I'm building a model for a Django project (my first Django project) and noticed
that instances of a Django model are not synchronized.
a_note = Notes.objects.create(message="Hello") # pk=1
same_note = Notes.objects.get(pk=1)
same_note.message = "Good day"
same_note.save()
a_note.message # Still is "Hello"
a_note is same_note # False
Is there a built-in way to make model instances with the same primary key to be
the same object? If yes, (how) does this maintain a globally consistent state of all
model objects, even in the case of bulk updates or changing foreign keys
and thus making items enter/exit related sets?
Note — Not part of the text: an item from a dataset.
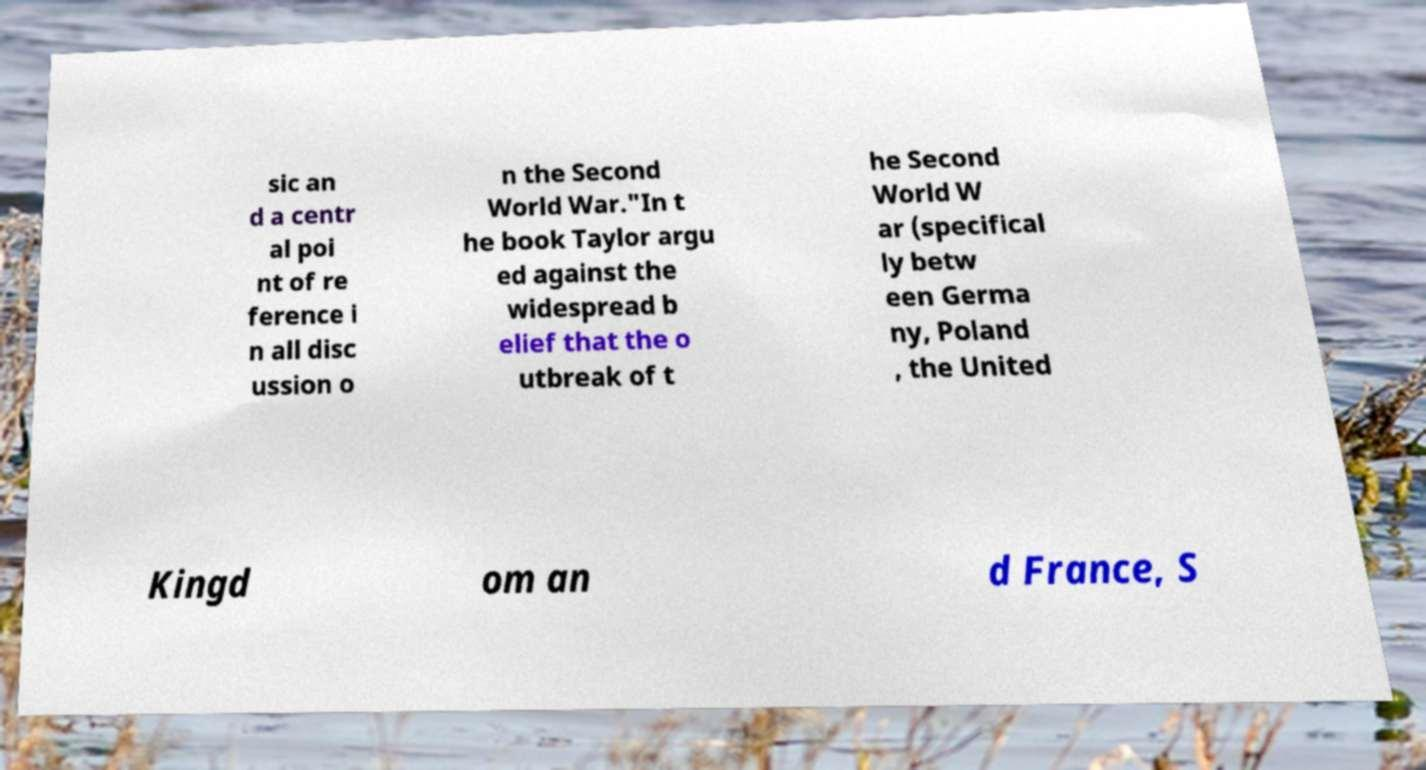What messages or text are displayed in this image? I need them in a readable, typed format. sic an d a centr al poi nt of re ference i n all disc ussion o n the Second World War."In t he book Taylor argu ed against the widespread b elief that the o utbreak of t he Second World W ar (specifical ly betw een Germa ny, Poland , the United Kingd om an d France, S

I can imagine some sort of registry in the model class, which could at least handle simple cases (i.e. it would fail in cases of bulk updates or a change in foreign keys). However, the static registry makes testing more difficult.
I intend to build the (domain) model with high-level functions to do complex
operations which go beyond the simple CRUD
actions of Django's Model class. (Some classes of my model have an instance
of a Django Model subclass, as opposed to being an instance of subclass. This
is by design to prevent direct access to the database which might break consistencies and to separate the business logic from the purely data access related Django Model.) A complex operation might touch and modify several components. As a developer
using the model API, it's impossible to know which components are out of date after
calling a complex operation. Automatically synchronized instances would mitigate this issue. Are there other ways to overcome this?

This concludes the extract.